UW-Madison AWS Observations Contribute to Finding Significant Warming in West Antarctica

December 27, 2012 | Mark Hobson

Using data collected by the Byrd Automatic Weather Station (AWS), installed and maintained by the UW-Madison in West Antarctica, researchers published a paper in Nature Geoscience on 23 December 2012 suggesting that warming in West Antarctica may have been underestimated, especially in the summer months.

The research team, led by Dr. David Bromwich of Ohio State University, included scientists from the National Center for Atmospheric Research (NCAR) and the UW-Madison Antarctic Meteorological Research Center (AMRC). In the paper, they present a “complete temperature record for Byrd Station, in which observations have been corrected, and gaps have been filled using global reanalysis data and spatial interpolation.”
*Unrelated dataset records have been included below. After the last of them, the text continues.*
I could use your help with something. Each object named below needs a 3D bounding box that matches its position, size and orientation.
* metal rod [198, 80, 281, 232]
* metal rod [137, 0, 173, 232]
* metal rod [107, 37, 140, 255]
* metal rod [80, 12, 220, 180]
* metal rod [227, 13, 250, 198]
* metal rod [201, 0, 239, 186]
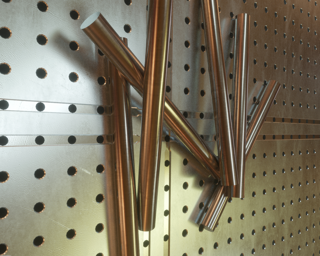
[{"bbox_3d":[0.142,0.034,0.526,0.025,0.025,0.300,47,62,-30],"label":"metal rod"},{"bbox_3d":[-0.008,-0.017,0.349,0.025,0.025,0.298,-11,113,-39],"label":"metal rod"},{"bbox_3d":[-0.043,0.045,0.372,0.025,0.025,0.298,-5,93,-40],"label":"metal rod"},{"bbox_3d":[0.012,-0.018,0.396,0.300,0.025,0.025,47,62,-37],"label":"metal rod"},{"bbox_3d":[0.127,-0.041,0.497,0.025,0.025,0.299,14,76,-39],"label":"metal rod"},{"bbox_3d":[0.087,-0.066,0.460,0.025,0.025,0.299,-3,86,-40],"label":"metal rod"}]

By analyzing observations from the Byrd Automatic Weather Station in Antarctica for the period 1958 – 2010, the record shows a warming in West Antarctica of as much as 2.4 degrees Celsius or 4.3 degrees Fahrenheit, making Central West Antarctica one of the fastest warming locations on the Earth.

Byrd AWS

The Byrd Automatic Weather Station

The Byrd AWS is part of a network of over 60 AWS stations on the Antarctic continent installed and maintained by the UW-Madison AMRC since 1980. Maintaining occupied sites for collecting meteorological observations in Antarctica is expensive. The capabilities of an automatic weather station allow for the retrieval of important weather information without needing a person on duty at each site.

byrd location

The Byrd Automatic Weather Station location on Antarctic map

The paper introduces the possibility that temperatures could rise above freezing more frequently in the summer months, raising concern that this process of surface melting could potentially weaken the ice sheet over time.

Dr. Matthew Lazzara, a co-author on the paper and head of the AMRC at the University of Wisconsin-Madison, says, “These stations have proven to be an invaluable resource for researchers, forecasters, as well as the general public, as they yield important meteorological information about the Antarctic.”